I posted this some time wayyyyy back but it's still annoying me so I'm reposting it:
---
Most of my friends will heartily support me when I say I'm not a religious person. They will applaud me loudly when I say that I'm not a person with Victorian morals, and say something like "true dat." And they'd probably choke on their beer if anyone said I was politically correct. But you know, there seems to have been some sort of Rubicon of moral turpitude crossed sometime in the recent past, and I've just plain been looking the other way when it happened...
The place it's coming out most is in commercials. Commercials which, even to someone like me, are just giving the wrong message. Somewhere along the line, commercial scriptwriters are just missing the point.
These commercials seem (totally aside from trying to sell their product, which they do only tangentially) to hammer home the message that it's fine to be rude, it's good to be ignorant, it's praiseworthy to be a total tool. The ads are on in prime kiddie-time, so what the kids are learning is pretty much that being total assholes is okay.
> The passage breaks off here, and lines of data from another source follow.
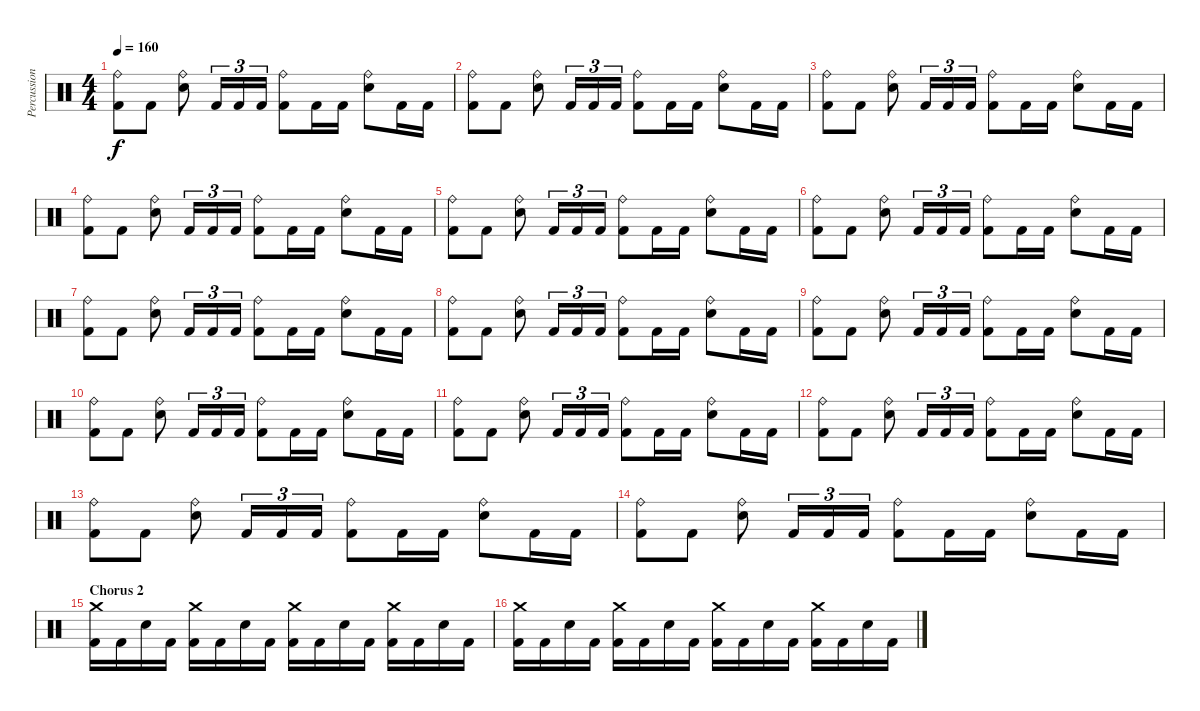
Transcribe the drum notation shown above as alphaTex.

\track ("Percussion" "Percussion") {instrument percussion}
\staff {score}
\articulation defaults
\ts (4 4)
\tempo 160
\clef neutral
\ks c
("Kick (hit) 2" "Ride (bell)").8{dy f} "Kick (hit) 2".8 ("Electric Snare (hit)" "Ride (bell)").8 "Kick (hit) 2".16{tu (3 2)} "Kick (hit) 2".16{tu (3 2)} "Kick (hit) 2".16{tu (3 2)} ("Kick (hit) 2" "Ride (bell)").8 "Kick (hit) 2".16 "Kick (hit) 2".16 ("Electric Snare (hit)" "Ride (bell)").8 "Kick (hit) 2".16 "Kick (hit) 2".16 |
("Kick (hit) 2" "Ride (bell)").8 "Kick (hit) 2".8 ("Electric Snare (hit)" "Ride (bell)").8 "Kick (hit) 2".16{tu (3 2)} "Kick (hit) 2".16{tu (3 2)} "Kick (hit) 2".16{tu (3 2)} ("Kick (hit) 2" "Ride (bell)").8 "Kick (hit) 2".16 "Kick (hit) 2".16 ("Electric Snare (hit)" "Ride (bell)").8 "Kick (hit) 2".16 "Kick (hit) 2".16 |
("Kick (hit) 2" "Ride (bell)").8 "Kick (hit) 2".8 ("Electric Snare (hit)" "Ride (bell)").8 "Kick (hit) 2".16{tu (3 2)} "Kick (hit) 2".16{tu (3 2)} "Kick (hit) 2".16{tu (3 2)} ("Kick (hit) 2" "Ride (bell)").8 "Kick (hit) 2".16 "Kick (hit) 2".16 ("Electric Snare (hit)" "Ride (bell)").8 "Kick (hit) 2".16 "Kick (hit) 2".16 |
("Kick (hit) 2" "Ride (bell)").8 "Kick (hit) 2".8 ("Electric Snare (hit)" "Ride (bell)").8 "Kick (hit) 2".16{tu (3 2)} "Kick (hit) 2".16{tu (3 2)} "Kick (hit) 2".16{tu (3 2)} ("Kick (hit) 2" "Ride (bell)").8 "Kick (hit) 2".16 "Kick (hit) 2".16 ("Electric Snare (hit)" "Ride (bell)").8 "Kick (hit) 2".16 "Kick (hit) 2".16 |
("Kick (hit) 2" "Ride (bell)").8 "Kick (hit) 2".8 ("Electric Snare (hit)" "Ride (bell)").8 "Kick (hit) 2".16{tu (3 2)} "Kick (hit) 2".16{tu (3 2)} "Kick (hit) 2".16{tu (3 2)} ("Kick (hit) 2" "Ride (bell)").8 "Kick (hit) 2".16 "Kick (hit) 2".16 ("Electric Snare (hit)" "Ride (bell)").8 "Kick (hit) 2".16 "Kick (hit) 2".16 |
("Kick (hit) 2" "Ride (bell)").8 "Kick (hit) 2".8 ("Electric Snare (hit)" "Ride (bell)").8 "Kick (hit) 2".16{tu (3 2)} "Kick (hit) 2".16{tu (3 2)} "Kick (hit) 2".16{tu (3 2)} ("Kick (hit) 2" "Ride (bell)").8 "Kick (hit) 2".16 "Kick (hit) 2".16 ("Electric Snare (hit)" "Ride (bell)").8 "Kick (hit) 2".16 "Kick (hit) 2".16 |
("Kick (hit) 2" "Ride (bell)").8 "Kick (hit) 2".8 ("Electric Snare (hit)" "Ride (bell)").8 "Kick (hit) 2".16{tu (3 2)} "Kick (hit) 2".16{tu (3 2)} "Kick (hit) 2".16{tu (3 2)} ("Kick (hit) 2" "Ride (bell)").8 "Kick (hit) 2".16 "Kick (hit) 2".16 ("Electric Snare (hit)" "Ride (bell)").8 "Kick (hit) 2".16 "Kick (hit) 2".16 |
("Kick (hit) 2" "Ride (bell)").8 "Kick (hit) 2".8 ("Electric Snare (hit)" "Ride (bell)").8 "Kick (hit) 2".16{tu (3 2)} "Kick (hit) 2".16{tu (3 2)} "Kick (hit) 2".16{tu (3 2)} ("Kick (hit) 2" "Ride (bell)").8 "Kick (hit) 2".16 "Kick (hit) 2".16 ("Electric Snare (hit)" "Ride (bell)").8 "Kick (hit) 2".16 "Kick (hit) 2".16 |
("Kick (hit) 2" "Ride (bell)").8 "Kick (hit) 2".8 ("Electric Snare (hit)" "Ride (bell)").8 "Kick (hit) 2".16{tu (3 2)} "Kick (hit) 2".16{tu (3 2)} "Kick (hit) 2".16{tu (3 2)} ("Kick (hit) 2" "Ride (bell)").8 "Kick (hit) 2".16 "Kick (hit) 2".16 ("Electric Snare (hit)" "Ride (bell)").8 "Kick (hit) 2".16 "Kick (hit) 2".16 |
("Kick (hit) 2" "Ride (bell)").8 "Kick (hit) 2".8 ("Electric Snare (hit)" "Ride (bell)").8 "Kick (hit) 2".16{tu (3 2)} "Kick (hit) 2".16{tu (3 2)} "Kick (hit) 2".16{tu (3 2)} ("Kick (hit) 2" "Ride (bell)").8 "Kick (hit) 2".16 "Kick (hit) 2".16 ("Electric Snare (hit)" "Ride (bell)").8 "Kick (hit) 2".16 "Kick (hit) 2".16 |
("Kick (hit) 2" "Ride (bell)").8 "Kick (hit) 2".8 ("Electric Snare (hit)" "Ride (bell)").8 "Kick (hit) 2".16{tu (3 2)} "Kick (hit) 2".16{tu (3 2)} "Kick (hit) 2".16{tu (3 2)} ("Kick (hit) 2" "Ride (bell)").8 "Kick (hit) 2".16 "Kick (hit) 2".16 ("Electric Snare (hit)" "Ride (bell)").8 "Kick (hit) 2".16 "Kick (hit) 2".16 |
("Kick (hit) 2" "Ride (bell)").8 "Kick (hit) 2".8 ("Electric Snare (hit)" "Ride (bell)").8 "Kick (hit) 2".16{tu (3 2)} "Kick (hit) 2".16{tu (3 2)} "Kick (hit) 2".16{tu (3 2)} ("Kick (hit) 2" "Ride (bell)").8 "Kick (hit) 2".16 "Kick (hit) 2".16 ("Electric Snare (hit)" "Ride (bell)").8 "Kick (hit) 2".16 "Kick (hit) 2".16 |
("Kick (hit) 2" "Ride (bell)").8 "Kick (hit) 2".8 ("Electric Snare (hit)" "Ride (bell)").8 "Kick (hit) 2".16{tu (3 2)} "Kick (hit) 2".16{tu (3 2)} "Kick (hit) 2".16{tu (3 2)} ("Kick (hit) 2" "Ride (bell)").8 "Kick (hit) 2".16 "Kick (hit) 2".16 ("Electric Snare (hit)" "Ride (bell)").8 "Kick (hit) 2".16 "Kick (hit) 2".16 |
("Kick (hit) 2" "Ride (bell)").8 "Kick (hit) 2".8 ("Electric Snare (hit)" "Ride (bell)").8 "Kick (hit) 2".16{tu (3 2)} "Kick (hit) 2".16{tu (3 2)} "Kick (hit) 2".16{tu (3 2)} ("Kick (hit) 2" "Ride (bell)").8 "Kick (hit) 2".16 "Kick (hit) 2".16 ("Electric Snare (hit)" "Ride (bell)").8 "Kick (hit) 2".16 "Kick (hit) 2".16 |
\section ("" "Chorus 2")
("Kick (hit) 2" "Crash medium (hit)").16 "Kick (hit) 2".16 "Electric Snare (hit)".16 "Kick (hit) 2".16 ("Kick (hit) 2" "Crash medium (hit)").16 "Kick (hit) 2".16 "Electric Snare (hit)".16 "Kick (hit) 2".16 ("Kick (hit) 2" "Crash medium (hit)").16 "Kick (hit) 2".16 "Electric Snare (hit)".16 "Kick (hit) 2".16 ("Kick (hit) 2" "Crash medium (hit)").16 "Kick (hit) 2".16 "Electric Snare (hit)".16 "Kick (hit) 2".16 |
("Kick (hit) 2" "Crash medium (hit)").16 "Kick (hit) 2".16 "Electric Snare (hit)".16 "Kick (hit) 2".16 ("Kick (hit) 2" "Crash medium (hit)").16 "Kick (hit) 2".16 "Electric Snare (hit)".16 "Kick (hit) 2".16 ("Kick (hit) 2" "Crash medium (hit)").16 "Kick (hit) 2".16 "Electric Snare (hit)".16 "Kick (hit) 2".16 ("Kick (hit) 2" "Crash medium (hit)").16 "Kick (hit) 2".16 "Electric Snare (hit)".16 "Kick (hit) 2".16

"And I can't face them on an empty stomach" says the snotty little girl in a recent mcDonalds ad. It's fine for a jumped-up little kid to totally heap shit on her parents and siblings.
"Oh, now you've missed it. Okay, stop the car." says the instructor while the girl in the learner driver's seat proceeds to completely disregard him and drive off to enrol to vote. Bear in mind that a driving instructor is in a privileged position, a position given to instructors by the very same Government which is now exhorting teenagers to disobey him. Yep, you saw that right, it's fine to just ignore a representative of the Law and basically tell him to go fuck himself by your actions.
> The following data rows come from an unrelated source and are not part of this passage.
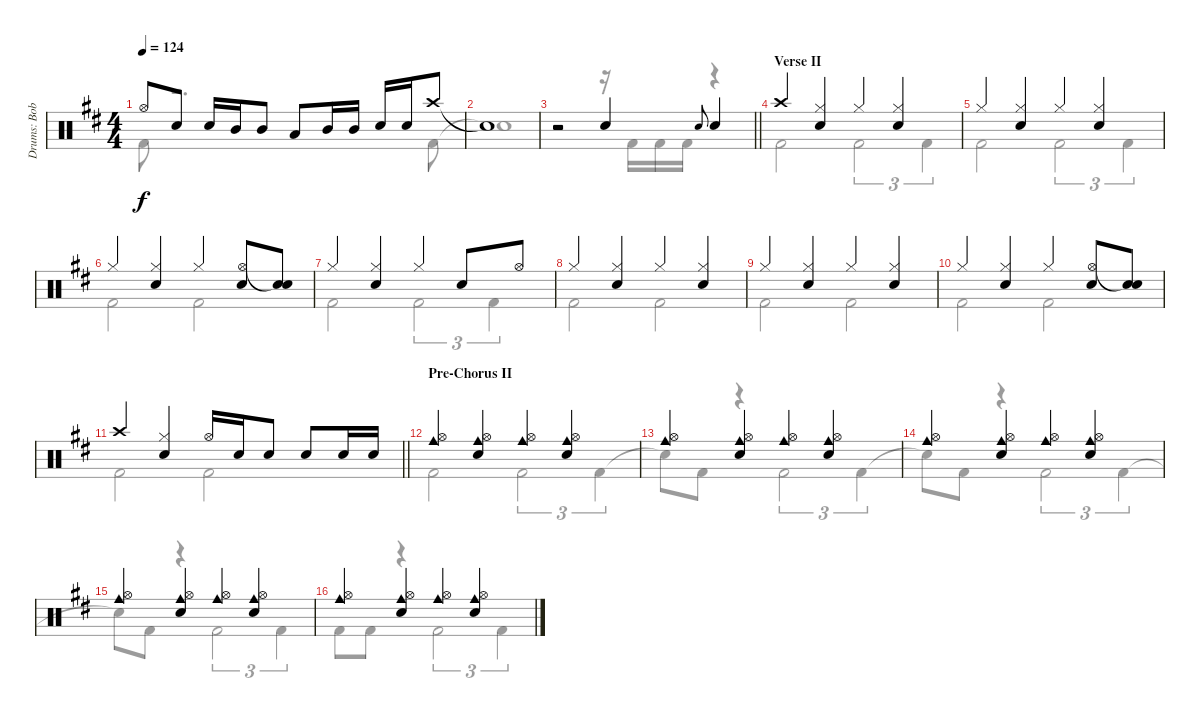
\track ("Drums: Bobby" "Drums: Bob") {instrument percussion}
\staff {score}
\articulation defaults
\voice
\ts (4 4)
\tempo 124
\clef neutral
\ks d "Hi-Hat (open)".8{dy f} "Snare (hit) 2".8 "Snare (hit) 2".16 "Mid Tom (hit)".16 "Mid Tom (hit)".8 "Low Tom (hit)".8 "Mid Tom (hit)".16 "Mid Tom (hit)".16 "Snare (hit) 2".16 "Snare (hit) 2".16 "Crash high (hit)".8
|
"Snare (hit)"{t}.1 |
\barLineRight lightlight
r.2 "Snare (hit) 2".4 "Electric Snare (hit)".8{gr onbeat} "Snare (hit) 2".4 |
\section ("" "Verse II")
"Crash high (hit)".4 ("Hi-Hat (closed)" "Snare (hit) 2").4 "Hi-Hat (closed)".4 ("Hi-Hat (closed)" "Snare (hit) 2").4 |
"Hi-Hat (closed)".4 ("Hi-Hat (closed)" "Snare (hit) 2").4 "Hi-Hat (closed)".4 ("Hi-Hat (closed)" "Snare (hit) 2").4 |
"Hi-Hat (closed)".4 ("Hi-Hat (closed)" "Snare (hit) 2").4 "Hi-Hat (closed)".4 ("Hi-Hat (open)" "Snare (hit) 2").8 ("Snare (hit)"{t} "Snare (hit) 2").8 |
"Hi-Hat (closed)".4 ("Hi-Hat (closed)" "Snare (hit) 2").4 "Hi-Hat (closed)".4 "Snare (hit) 2".8 "Hi-Hat (open)".8 |
"Hi-Hat (closed)".4 ("Hi-Hat (closed)" "Snare (hit) 2").4 "Hi-Hat (closed)".4 ("Hi-Hat (closed)" "Snare (hit) 2").4 |
"Hi-Hat (closed)".4 ("Hi-Hat (closed)" "Snare (hit) 2").4 "Hi-Hat (closed)".4 ("Hi-Hat (closed)" "Snare (hit) 2").4 |
"Hi-Hat (closed)".4 ("Hi-Hat (closed)" "Snare (hit) 2").4 "Hi-Hat (closed)".4 ("Hi-Hat (open)" "Snare (hit) 2").8 ("Snare (hit)"{t} "Snare (hit) 2").8 |
\barLineRight lightlight "Crash high (hit)".4
("Hi-Hat (closed)" "Snare (hit) 2").4 "Hi-Hat (open)".16 "Snare (hit) 2".16 "Snare (hit) 2".8 "Snare (hit) 2".8 "Snare (hit) 2".16 "Snare (hit) 2".16 |
\section ("" "Pre-Chorus II")
("Hi-Hat (open)" "Cowbell medium (hit)").4 ("Hi-Hat (open)" "Snare (hit) 2" "Cowbell medium (hit)").4 ("Hi-Hat (open)" "Cowbell medium (hit)").4 ("Hi-Hat (open)" "Snare (hit) 2" "Cowbell medium (hit)").4 |
("Hi-Hat (open)" "Cowbell medium (hit)").4 ("Hi-Hat (open)" "Snare (hit) 2" "Cowbell medium (hit)").4 ("Hi-Hat (open)" "Cowbell medium (hit)").4 ("Hi-Hat (open)" "Snare (hit) 2" "Cowbell medium (hit)").4 |
("Hi-Hat (open)" "Cowbell medium (hit)").4 ("Hi-Hat (open)" "Snare (hit) 2" "Cowbell medium (hit)").4 ("Hi-Hat (open)" "Cowbell medium (hit)").4 ("Hi-Hat (open)" "Snare (hit) 2" "Cowbell medium (hit)").4 |
("Hi-Hat (open)" "Cowbell medium (hit)").4 ("Hi-Hat (open)" "Snare (hit) 2" "Cowbell medium (hit)").4 ("Hi-Hat (open)" "Cowbell medium (hit)").4 ("Hi-Hat (open)" "Snare (hit) 2" "Cowbell medium (hit)").4 |
("Hi-Hat (open)" "Cowbell medium (hit)").4 ("Hi-Hat (open)" "Snare (hit) 2" "Cowbell medium (hit)").4 ("Hi-Hat (open)" "Cowbell medium (hit)").4 ("Hi-Hat (open)" "Snare (hit) 2" "Cowbell medium (hit)").4
\voice
\clef neutral
\ottava regular
\simile none
\ks d "Kick (hit) 2".8{dy f}
r.2{d} "Kick (hit) 2".8 |
"Snare (hit)"{t}.1 |
\barLineRight lightlight
r.2 r.16 "Kick (hit) 2".16 "Kick (hit) 2".16 "Kick (hit) 2".16 r.4 |
"Kick (hit) 2".2 "Kick (hit) 2".2{tu (3 2)} "Kick (hit) 2".4{tu (3 2)} |
"Kick (hit) 2".2 "Kick (hit) 2".2{tu (3 2)} "Kick (hit) 2".4{tu (3 2)} |
"Kick (hit) 2".2 "Kick (hit) 2".2 |
"Kick (hit) 2".2 "Kick (hit) 2".2{tu (3 2)} "Kick (hit) 2".4{tu (3 2)} |
"Kick (hit) 2".2 "Kick (hit) 2".2 |
"Kick (hit) 2".2 "Kick (hit) 2".2 |
"Kick (hit) 2".2 "Kick (hit) 2".2 |
\barLineRight lightlight "Kick (hit) 2".2 "Kick (hit) 2".2
|
"Kick (hit) 2".2 "Kick (hit) 2".2{tu (3 2)} "Kick (hit) 2".4{tu (3 2)} |
"Snare (hit)"{t}.8 "Kick (hit) 2".8 r.4 "Kick (hit) 2".2{tu (3 2)} "Kick (hit) 2".4{tu (3 2)} |
"Snare (hit)"{t}.8 "Kick (hit) 2".8 r.4 "Kick (hit) 2".2{tu (3 2)} "Kick (hit) 2".4{tu (3 2)} |
"Snare (hit)"{t}.8 "Kick (hit) 2".8 r.4 "Kick (hit) 2".2{tu (3 2)} "Kick (hit) 2".4{tu (3 2)} |
"Kick (hit) 2".8 "Kick (hit) 2".8 r.4 "Kick (hit) 2".2{tu (3 2)} "Kick (hit) 2".4{tu (3 2)}

"And potato chips for - - - - .... the kids... " says the flabberghasted mum who's just prepared Moroccan chicken for her guests only to find them all sitting at the kids' table mugging and grinning for the chips and by their actions saying to her "hey tough shit about that Moroccan Chicken shit, but you basically wasted all the time you invested in us cos we wish you'da shoved the chicken up your arse and just given us the chips."
I like the Spiceblog and I like cooking and I tell you what, if my guests pulled shit like that with me I would throw them right out the door along with the precious fucking crisp chips, and I would probably make every effort never to recognise them again. Hell, even if they were the only group of people left in the world.
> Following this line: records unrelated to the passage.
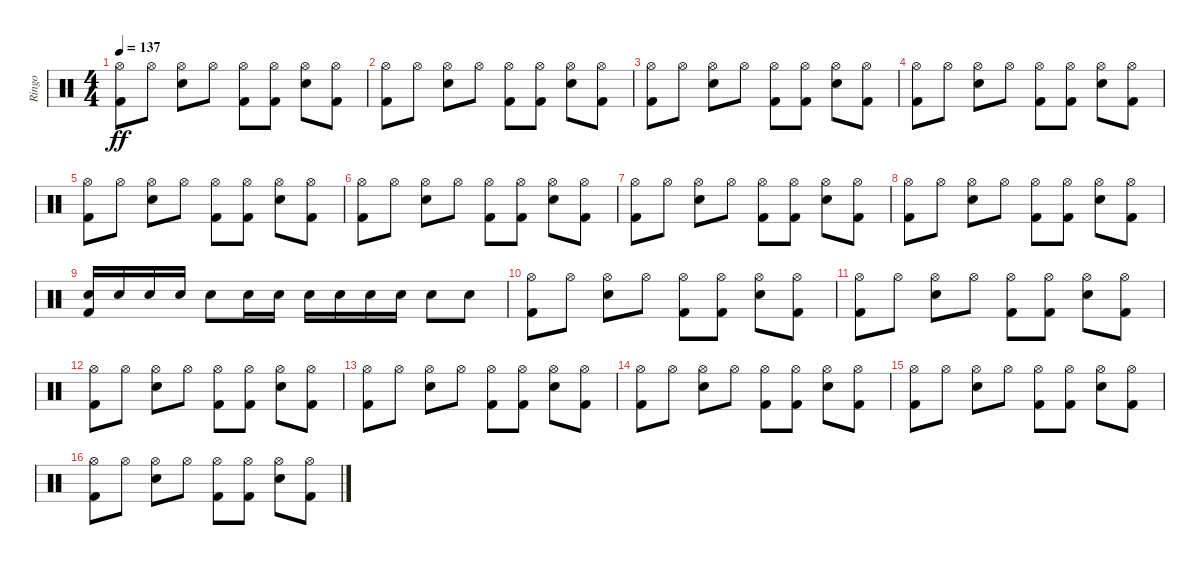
\track ("Ringo" "Ringo") {instrument percussion}
\staff {score}
\articulation defaults
\ts (4 4)
\tempo 137
\clef neutral
\ks c
("Kick (hit) 2" "Hi-Hat (open)").8{dy ff} "Hi-Hat (open)".8 ("Snare (hit) 2" "Hi-Hat (open)").8 "Hi-Hat (open)".8 ("Kick (hit) 2" "Hi-Hat (open)").8 ("Kick (hit) 2" "Hi-Hat (open)").8 ("Snare (hit) 2" "Hi-Hat (open)").8 ("Kick (hit) 2" "Hi-Hat (open)").8 |
("Kick (hit) 2" "Hi-Hat (open)").8 "Hi-Hat (open)".8 ("Snare (hit) 2" "Hi-Hat (open)").8 "Hi-Hat (open)".8 ("Kick (hit) 2" "Hi-Hat (open)").8 ("Kick (hit) 2" "Hi-Hat (open)").8 ("Snare (hit) 2" "Hi-Hat (open)").8 ("Kick (hit) 2" "Hi-Hat (open)").8 |
("Kick (hit) 2" "Hi-Hat (open)").8 "Hi-Hat (open)".8 ("Snare (hit) 2" "Hi-Hat (open)").8 "Hi-Hat (open)".8 ("Kick (hit) 2" "Hi-Hat (open)").8 ("Kick (hit) 2" "Hi-Hat (open)").8 ("Snare (hit) 2" "Hi-Hat (open)").8 ("Kick (hit) 2" "Hi-Hat (open)").8 |
("Kick (hit) 2" "Hi-Hat (open)").8 "Hi-Hat (open)".8 ("Snare (hit) 2" "Hi-Hat (open)").8 "Hi-Hat (open)".8 ("Kick (hit) 2" "Hi-Hat (open)").8 ("Kick (hit) 2" "Hi-Hat (open)").8 ("Snare (hit) 2" "Hi-Hat (open)").8 ("Kick (hit) 2" "Hi-Hat (open)").8 |
("Kick (hit) 2" "Hi-Hat (open)").8 "Hi-Hat (open)".8 ("Snare (hit) 2" "Hi-Hat (open)").8 "Hi-Hat (open)".8 ("Kick (hit) 2" "Hi-Hat (open)").8 ("Kick (hit) 2" "Hi-Hat (open)").8 ("Snare (hit) 2" "Hi-Hat (open)").8 ("Kick (hit) 2" "Hi-Hat (open)").8 |
("Kick (hit) 2" "Hi-Hat (open)").8 "Hi-Hat (open)".8 ("Snare (hit) 2" "Hi-Hat (open)").8 "Hi-Hat (open)".8 ("Kick (hit) 2" "Hi-Hat (open)").8 ("Kick (hit) 2" "Hi-Hat (open)").8 ("Snare (hit) 2" "Hi-Hat (open)").8 ("Kick (hit) 2" "Hi-Hat (open)").8 |
("Kick (hit) 2" "Hi-Hat (open)").8 "Hi-Hat (open)".8 ("Snare (hit) 2" "Hi-Hat (open)").8 "Hi-Hat (open)".8 ("Kick (hit) 2" "Hi-Hat (open)").8 ("Kick (hit) 2" "Hi-Hat (open)").8 ("Snare (hit) 2" "Hi-Hat (open)").8 ("Kick (hit) 2" "Hi-Hat (open)").8 |
("Kick (hit) 2" "Hi-Hat (open)").8 "Hi-Hat (open)".8 ("Snare (hit) 2" "Hi-Hat (open)").8 "Hi-Hat (open)".8 ("Kick (hit) 2" "Hi-Hat (open)").8 ("Kick (hit) 2" "Hi-Hat (open)").8 ("Snare (hit) 2" "Hi-Hat (open)").8 ("Kick (hit) 2" "Hi-Hat (open)").8 |
("Kick (hit) 2" "Snare (hit) 2").16 "Snare (hit) 2".16 "Snare (hit) 2".16 "Snare (hit) 2".16 "Snare (hit) 2".8 "Snare (hit) 2".16 "Snare (hit) 2".16 "Snare (hit) 2".16 "Snare (hit) 2".16 "Snare (hit) 2".16 "Snare (hit) 2".16 "Snare (hit) 2".8 "Snare (hit) 2".8 |
("Kick (hit) 2" "Hi-Hat (open)").8 "Hi-Hat (open)".8 ("Snare (hit) 2" "Hi-Hat (open)").8 "Hi-Hat (open)".8 ("Kick (hit) 2" "Hi-Hat (open)").8 ("Kick (hit) 2" "Hi-Hat (open)").8 ("Snare (hit) 2" "Hi-Hat (open)").8 ("Kick (hit) 2" "Hi-Hat (open)").8 |
("Kick (hit) 2" "Hi-Hat (open)").8 "Hi-Hat (open)".8 ("Snare (hit) 2" "Hi-Hat (open)").8 "Hi-Hat (open)".8 ("Kick (hit) 2" "Hi-Hat (open)").8 ("Kick (hit) 2" "Hi-Hat (open)").8 ("Snare (hit) 2" "Hi-Hat (open)").8 ("Kick (hit) 2" "Hi-Hat (open)").8 |
("Kick (hit) 2" "Hi-Hat (open)").8 "Hi-Hat (open)".8 ("Snare (hit) 2" "Hi-Hat (open)").8 "Hi-Hat (open)".8 ("Kick (hit) 2" "Hi-Hat (open)").8 ("Kick (hit) 2" "Hi-Hat (open)").8 ("Snare (hit) 2" "Hi-Hat (open)").8 ("Kick (hit) 2" "Hi-Hat (open)").8 |
("Kick (hit) 2" "Hi-Hat (open)").8 "Hi-Hat (open)".8 ("Snare (hit) 2" "Hi-Hat (open)").8 "Hi-Hat (open)".8 ("Kick (hit) 2" "Hi-Hat (open)").8 ("Kick (hit) 2" "Hi-Hat (open)").8 ("Snare (hit) 2" "Hi-Hat (open)").8 ("Kick (hit) 2" "Hi-Hat (open)").8 |
("Kick (hit) 2" "Hi-Hat (open)").8 "Hi-Hat (open)".8 ("Snare (hit) 2" "Hi-Hat (open)").8 "Hi-Hat (open)".8 ("Kick (hit) 2" "Hi-Hat (open)").8 ("Kick (hit) 2" "Hi-Hat (open)").8 ("Snare (hit) 2" "Hi-Hat (open)").8 ("Kick (hit) 2" "Hi-Hat (open)").8 |
("Kick (hit) 2" "Hi-Hat (open)").8 "Hi-Hat (open)".8 ("Snare (hit) 2" "Hi-Hat (open)").8 "Hi-Hat (open)".8 ("Kick (hit) 2" "Hi-Hat (open)").8 ("Kick (hit) 2" "Hi-Hat (open)").8 ("Snare (hit) 2" "Hi-Hat (open)").8 ("Kick (hit) 2" "Hi-Hat (open)").8 |
("Kick (hit) 2" "Hi-Hat (open)").8 "Hi-Hat (open)".8 ("Snare (hit) 2" "Hi-Hat (open)").8 "Hi-Hat (open)".8 ("Kick (hit) 2" "Hi-Hat (open)").8 ("Kick (hit) 2" "Hi-Hat (open)").8 ("Snare (hit) 2" "Hi-Hat (open)").8 ("Kick (hit) 2" "Hi-Hat (open)").8

At the same time, there are organisations for this and nannycommittees for that, so that pretty much anything you do can be accommodated by some group and made into someone else's fault, there are people who specialise in making your stupidity someone else's fault (and they make it stick in the Legal System so it *must* be right) and there are still groups of people who don't give a damn whose fault it is but they can kill and maim and imprison people without any form of control over them and whom we tacitly accept by ignoring them and looking away.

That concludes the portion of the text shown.